Could you copy exactly the lines below from the one with "2) pear half [520,172,570,202]" to the one with "name at (x, y, z)", inclusive, leaving out any pictures?

+---+

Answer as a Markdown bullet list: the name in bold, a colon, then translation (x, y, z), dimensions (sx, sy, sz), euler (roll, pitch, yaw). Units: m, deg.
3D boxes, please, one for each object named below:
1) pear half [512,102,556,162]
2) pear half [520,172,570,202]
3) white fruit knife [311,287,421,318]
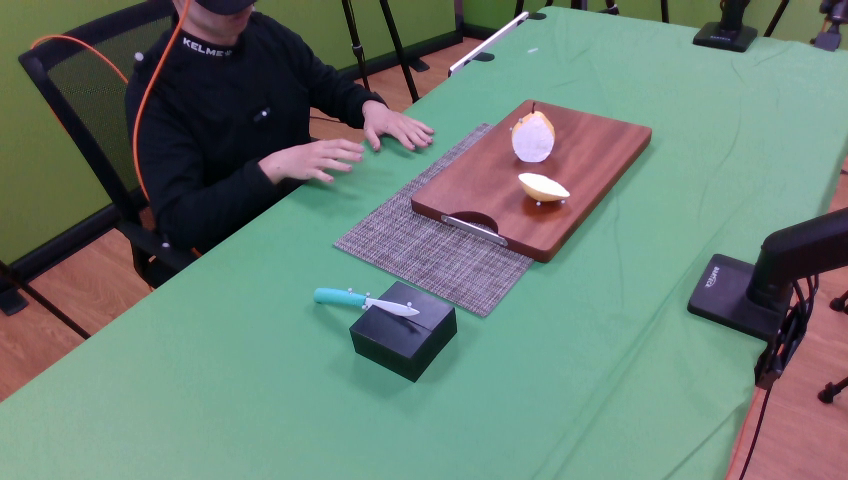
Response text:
- **pear half**: translation (0.193, -0.197, 1.060), dimensions (0.076, 0.110, 0.056), euler (3, 41, 6)
- **pear half**: translation (0.193, -0.080, 0.981), dimensions (0.087, 0.031, 0.071), euler (35, 38, 22)
- **white fruit knife**: translation (-0.084, 0.086, 0.831), dimensions (0.206, 0.027, 0.016), euler (5, 30, 37)
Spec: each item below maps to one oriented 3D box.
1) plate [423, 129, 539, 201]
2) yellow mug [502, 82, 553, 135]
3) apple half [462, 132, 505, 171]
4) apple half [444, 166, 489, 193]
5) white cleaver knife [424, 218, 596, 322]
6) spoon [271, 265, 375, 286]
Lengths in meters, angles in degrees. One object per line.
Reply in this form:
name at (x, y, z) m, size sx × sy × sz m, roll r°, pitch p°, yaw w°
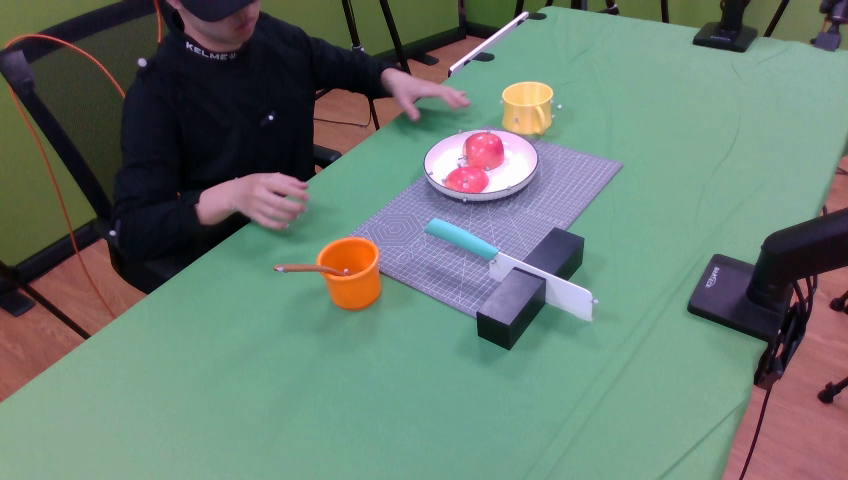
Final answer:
plate at (0.103, -0.132, 1.092) m, size 0.209 × 0.038 × 0.208 m, roll -4°, pitch 40°, yaw 4°
yellow mug at (0.212, -0.256, 1.203) m, size 0.100 × 0.064 × 0.130 m, roll -16°, pitch 42°, yaw -10°
apple half at (0.109, -0.169, 1.110) m, size 0.075 × 0.053 × 0.080 m, roll -6°, pitch 40°, yaw -2°
apple half at (0.074, -0.112, 1.062) m, size 0.081 × 0.033 × 0.081 m, roll -6°, pitch 39°, yaw 5°
white cleaver knife at (0.114, 0.042, 0.865) m, size 0.284 × 0.066 × 0.021 m, roll 27°, pitch 47°, yaw 28°
spoon at (-0.136, 0.046, 0.839) m, size 0.041 × 0.195 × 0.021 m, roll 24°, pitch 94°, yaw 35°
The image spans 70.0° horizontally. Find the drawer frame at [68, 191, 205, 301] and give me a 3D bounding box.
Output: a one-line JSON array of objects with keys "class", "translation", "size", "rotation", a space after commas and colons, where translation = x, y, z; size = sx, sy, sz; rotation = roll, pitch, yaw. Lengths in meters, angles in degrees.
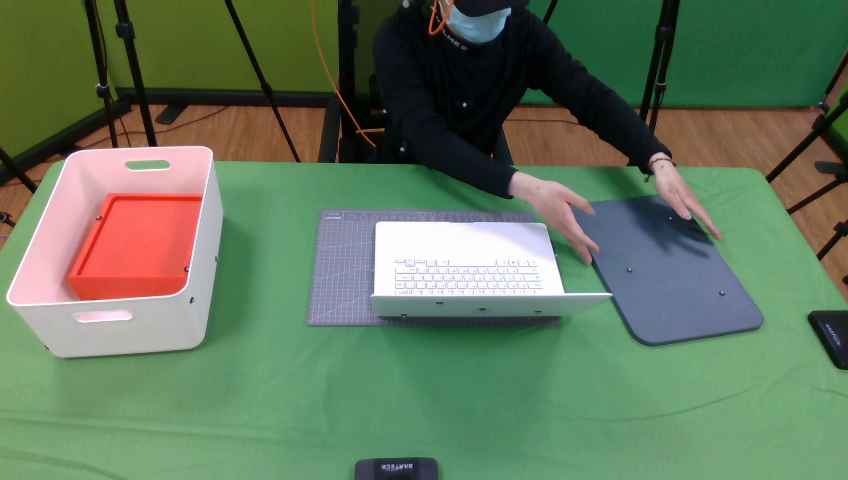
[{"class": "drawer frame", "translation": [-0.495, 0.009, 1.101], "size": [0.202, 0.083, 0.212], "rotation": [0, 47, -4]}]

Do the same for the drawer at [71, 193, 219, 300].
[{"class": "drawer", "translation": [-0.496, 0.008, 1.102], "size": [0.194, 0.073, 0.210], "rotation": [0, 47, -3]}]

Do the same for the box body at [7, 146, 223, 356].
[{"class": "box body", "translation": [-0.499, 0.012, 1.051], "size": [0.254, 0.161, 0.361], "rotation": [-3, 47, -7]}]

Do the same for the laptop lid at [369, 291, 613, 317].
[{"class": "laptop lid", "translation": [0.092, 0.104, 0.965], "size": [0.357, 0.242, 0.013], "rotation": [0, 76, -5]}]

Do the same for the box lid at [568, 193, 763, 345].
[{"class": "box lid", "translation": [0.464, 0.040, 1.203], "size": [0.264, 0.015, 0.369], "rotation": [-7, 47, -11]}]

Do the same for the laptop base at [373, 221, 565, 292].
[{"class": "laptop base", "translation": [0.080, 0.049, 1.159], "size": [0.355, 0.023, 0.234], "rotation": [0, 43, -4]}]

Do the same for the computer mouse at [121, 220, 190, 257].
[{"class": "computer mouse", "translation": [-0.510, -0.004, 1.152], "size": [0.117, 0.041, 0.062], "rotation": [12, 42, -3]}]
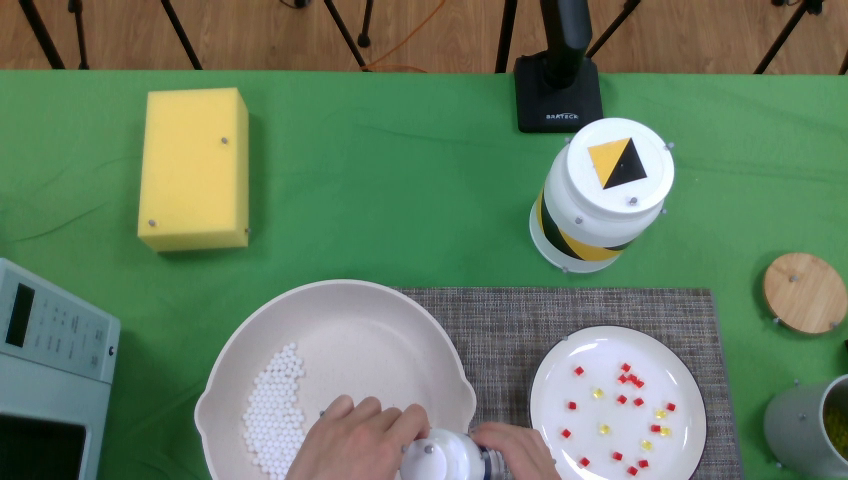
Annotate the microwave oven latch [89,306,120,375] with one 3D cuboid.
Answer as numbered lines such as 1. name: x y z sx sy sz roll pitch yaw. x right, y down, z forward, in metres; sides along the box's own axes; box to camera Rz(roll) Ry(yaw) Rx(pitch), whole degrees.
1. microwave oven latch: -0.379 0.117 0.709 0.030 0.029 0.078 3 71 -1

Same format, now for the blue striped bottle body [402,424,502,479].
1. blue striped bottle body: 0.023 0.201 0.548 0.063 0.122 0.062 -9 68 23

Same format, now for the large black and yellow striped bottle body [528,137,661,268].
1. large black and yellow striped bottle body: 0.204 -0.052 0.730 0.131 0.185 0.130 1 70 -1

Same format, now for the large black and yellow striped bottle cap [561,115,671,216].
1. large black and yellow striped bottle cap: 0.206 -0.081 0.649 0.115 0.019 0.114 0 69 -1

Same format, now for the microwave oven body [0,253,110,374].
1. microwave oven body: -0.525 0.250 0.555 0.326 0.261 0.438 1 71 -2

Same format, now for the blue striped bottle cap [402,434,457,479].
1. blue striped bottle cap: 0.004 0.185 0.503 0.044 0.021 0.044 -16 60 29

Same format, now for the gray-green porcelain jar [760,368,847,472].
1. gray-green porcelain jar: 0.453 0.204 0.678 0.106 0.127 0.105 1 70 -1

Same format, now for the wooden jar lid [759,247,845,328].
1. wooden jar lid: 0.487 0.062 0.785 0.108 0.021 0.107 0 72 -1

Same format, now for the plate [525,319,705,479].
1. plate: 0.221 0.198 0.716 0.209 0.038 0.207 0 71 -1

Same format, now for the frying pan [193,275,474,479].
1. frying pan: -0.096 0.279 0.643 0.307 0.103 0.483 -1 62 0

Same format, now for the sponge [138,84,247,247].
1. sponge: -0.299 -0.099 0.794 0.118 0.061 0.205 -5 72 -4

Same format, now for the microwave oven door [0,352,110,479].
1. microwave oven door: -0.380 0.289 0.541 0.039 0.245 0.353 0 70 -2
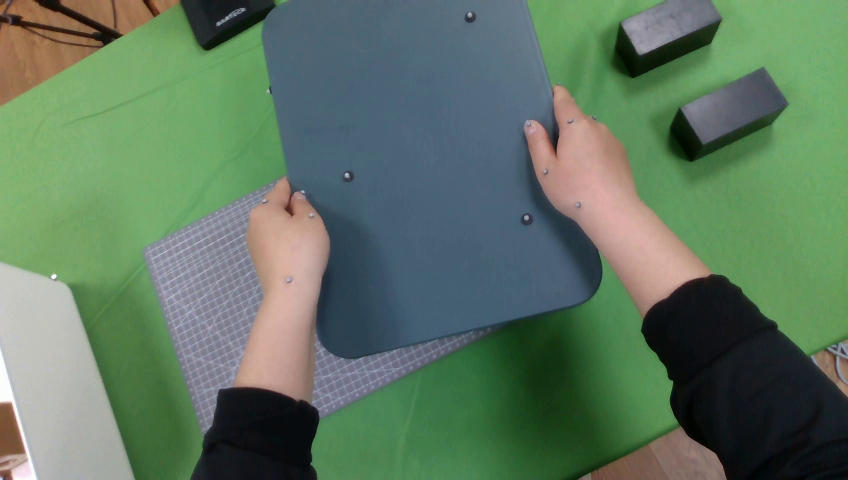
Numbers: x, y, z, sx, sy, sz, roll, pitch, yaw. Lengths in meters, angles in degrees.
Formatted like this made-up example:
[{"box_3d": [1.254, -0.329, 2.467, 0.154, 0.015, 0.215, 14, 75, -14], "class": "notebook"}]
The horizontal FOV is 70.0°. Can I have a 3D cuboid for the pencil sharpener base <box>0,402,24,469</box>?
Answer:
[{"box_3d": [-0.521, 0.238, 0.708, 0.061, 0.108, 0.076, -29, 74, 2], "class": "pencil sharpener base"}]

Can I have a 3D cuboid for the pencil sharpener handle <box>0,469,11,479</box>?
[{"box_3d": [-0.497, 0.276, 0.682, 0.036, 0.068, 0.030, -32, 73, 11], "class": "pencil sharpener handle"}]

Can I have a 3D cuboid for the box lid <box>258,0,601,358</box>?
[{"box_3d": [-0.008, -0.095, 0.568, 0.263, 0.015, 0.369, -15, 78, 7], "class": "box lid"}]

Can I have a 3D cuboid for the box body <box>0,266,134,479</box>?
[{"box_3d": [-0.509, 0.235, 0.685, 0.254, 0.161, 0.361, -30, 73, 2], "class": "box body"}]
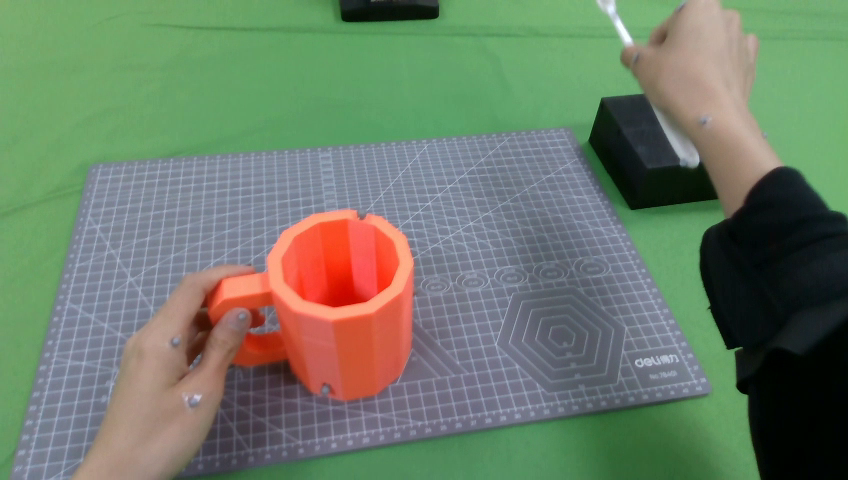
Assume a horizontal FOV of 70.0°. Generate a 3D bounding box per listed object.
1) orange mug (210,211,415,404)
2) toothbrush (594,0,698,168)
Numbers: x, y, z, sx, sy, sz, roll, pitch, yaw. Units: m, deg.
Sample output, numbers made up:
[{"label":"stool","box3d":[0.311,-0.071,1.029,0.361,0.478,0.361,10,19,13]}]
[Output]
[{"label":"orange mug","box3d":[-0.068,0.047,0.388,0.126,0.101,0.082,-6,49,-15]},{"label":"toothbrush","box3d":[0.159,-0.131,0.447,0.014,0.017,0.180,-16,67,-2]}]
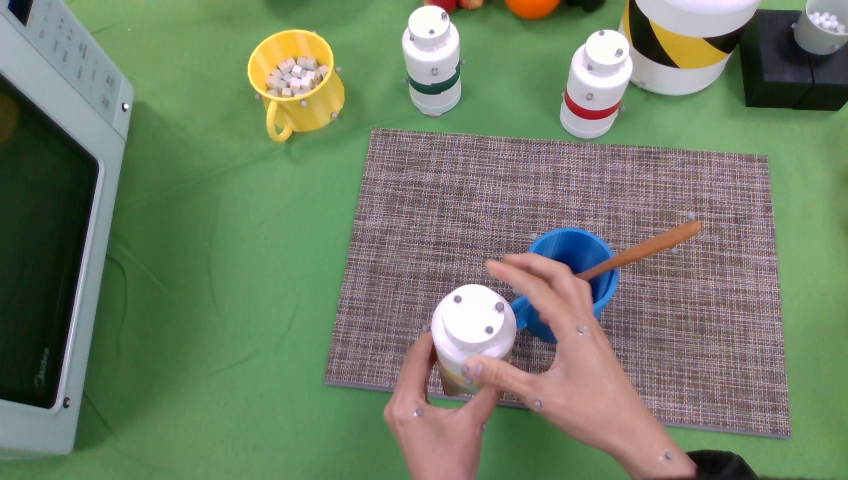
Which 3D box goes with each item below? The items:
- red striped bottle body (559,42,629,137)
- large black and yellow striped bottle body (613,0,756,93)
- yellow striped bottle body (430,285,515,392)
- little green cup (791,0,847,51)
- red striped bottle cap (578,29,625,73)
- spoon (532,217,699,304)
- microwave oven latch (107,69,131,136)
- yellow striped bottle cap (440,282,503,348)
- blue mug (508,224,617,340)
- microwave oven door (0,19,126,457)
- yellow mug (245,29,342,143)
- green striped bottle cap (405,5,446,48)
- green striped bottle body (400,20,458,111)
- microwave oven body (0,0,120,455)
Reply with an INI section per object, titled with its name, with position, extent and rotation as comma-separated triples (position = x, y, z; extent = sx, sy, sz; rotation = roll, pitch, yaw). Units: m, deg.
[red striped bottle body]
position = 0.184, -0.170, 0.656
extent = 0.063, 0.120, 0.062
rotation = -2, 66, 6
[large black and yellow striped bottle body]
position = 0.283, -0.263, 0.652
extent = 0.131, 0.185, 0.130
rotation = -2, 68, 4
[yellow striped bottle body]
position = 0.037, 0.075, 0.471
extent = 0.063, 0.121, 0.062
rotation = -2, 64, 4
[little green cup]
position = 0.432, -0.237, 0.653
extent = 0.061, 0.039, 0.061
rotation = 0, 66, 1
[red striped bottle cap]
position = 0.179, -0.190, 0.608
extent = 0.044, 0.018, 0.044
rotation = 0, 67, 0
[spoon]
position = 0.157, 0.025, 0.537
extent = 0.022, 0.194, 0.041
rotation = 6, 64, -31
[microwave oven latch]
position = -0.371, -0.163, 0.721
extent = 0.030, 0.030, 0.078
rotation = -2, 69, 3
[yellow striped bottle cap]
position = 0.033, 0.052, 0.423
extent = 0.044, 0.019, 0.044
rotation = -1, 65, 3
[blue mug]
position = 0.118, 0.052, 0.577
extent = 0.116, 0.106, 0.081
rotation = -30, 68, -8
[microwave oven door]
position = -0.372, 0.001, 0.545
extent = 0.039, 0.245, 0.353
rotation = -4, 68, 4
[yellow mug]
position = -0.158, -0.175, 0.714
extent = 0.099, 0.064, 0.130
rotation = 14, 70, 10
[green striped bottle cap]
position = 0.001, -0.225, 0.636
extent = 0.044, 0.020, 0.044
rotation = -1, 68, 2
[green striped bottle body]
position = 0.007, -0.204, 0.684
extent = 0.063, 0.120, 0.062
rotation = -1, 68, 4
[microwave oven body]
position = -0.519, -0.027, 0.573
extent = 0.326, 0.262, 0.438
rotation = -4, 68, 3
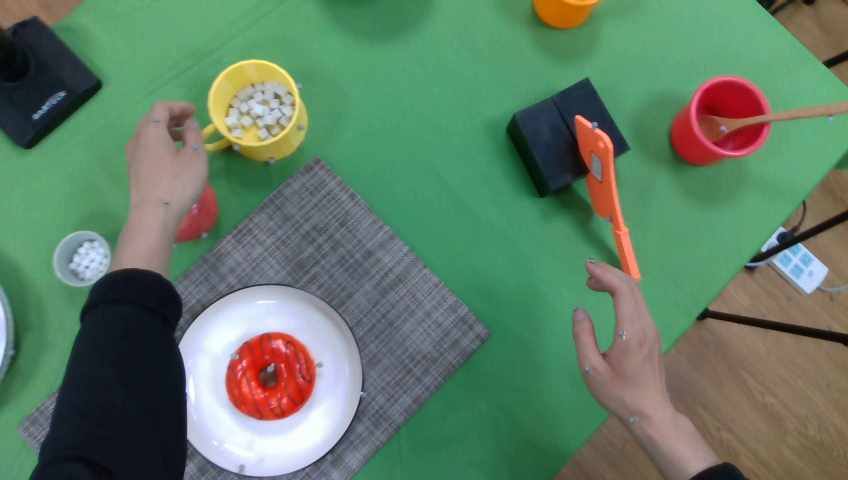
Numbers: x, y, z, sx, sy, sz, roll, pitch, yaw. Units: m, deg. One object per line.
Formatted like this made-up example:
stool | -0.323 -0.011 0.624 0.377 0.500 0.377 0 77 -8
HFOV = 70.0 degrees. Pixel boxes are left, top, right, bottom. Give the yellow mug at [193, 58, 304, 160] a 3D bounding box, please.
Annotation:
yellow mug | -0.207 -0.141 0.699 0.131 0.064 0.100 -33 86 -6

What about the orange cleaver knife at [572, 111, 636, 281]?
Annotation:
orange cleaver knife | 0.209 -0.048 0.703 0.012 0.076 0.213 -25 117 -5

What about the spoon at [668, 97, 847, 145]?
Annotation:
spoon | 0.384 -0.141 0.698 0.192 0.022 0.041 -4 76 40

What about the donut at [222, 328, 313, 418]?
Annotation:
donut | -0.171 0.146 0.665 0.099 0.048 0.099 0 85 -4

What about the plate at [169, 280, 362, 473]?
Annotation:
plate | -0.173 0.149 0.676 0.209 0.038 0.208 0 83 -4

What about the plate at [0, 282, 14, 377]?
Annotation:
plate | -0.551 0.104 0.660 0.208 0.039 0.207 0 83 -4

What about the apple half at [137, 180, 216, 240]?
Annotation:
apple half | -0.279 -0.027 0.677 0.081 0.074 0.053 20 86 -5

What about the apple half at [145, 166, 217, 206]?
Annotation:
apple half | -0.267 -0.064 0.681 0.081 0.081 0.033 19 87 -1

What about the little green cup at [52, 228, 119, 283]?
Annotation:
little green cup | -0.377 0.020 0.681 0.061 0.039 0.061 0 83 -3

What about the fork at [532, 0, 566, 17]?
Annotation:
fork | 0.209 -0.341 0.707 0.207 0.018 0.028 -39 81 36

+---+

● **Answer**
2) pear half [520,172,570,202]
3) white fruit knife [311,287,421,318]
Response text:
- **pear half**: translation (0.193, -0.197, 1.060), dimensions (0.076, 0.110, 0.056), euler (3, 41, 6)
- **pear half**: translation (0.193, -0.080, 0.981), dimensions (0.087, 0.031, 0.071), euler (35, 38, 22)
- **white fruit knife**: translation (-0.084, 0.086, 0.831), dimensions (0.206, 0.027, 0.016), euler (5, 30, 37)
Spec: each item below maps to one oriented 3D box.
1) plate [423, 129, 539, 201]
2) yellow mug [502, 82, 553, 135]
3) apple half [462, 132, 505, 171]
4) apple half [444, 166, 489, 193]
5) white cleaver knife [424, 218, 596, 322]
6) spoon [271, 265, 375, 286]
Lengths in meters, angles in degrees. One object per line.
Reply in this form:
name at (x, y, z) m, size sx × sy × sz m, roll r°, pitch p°, yaw w°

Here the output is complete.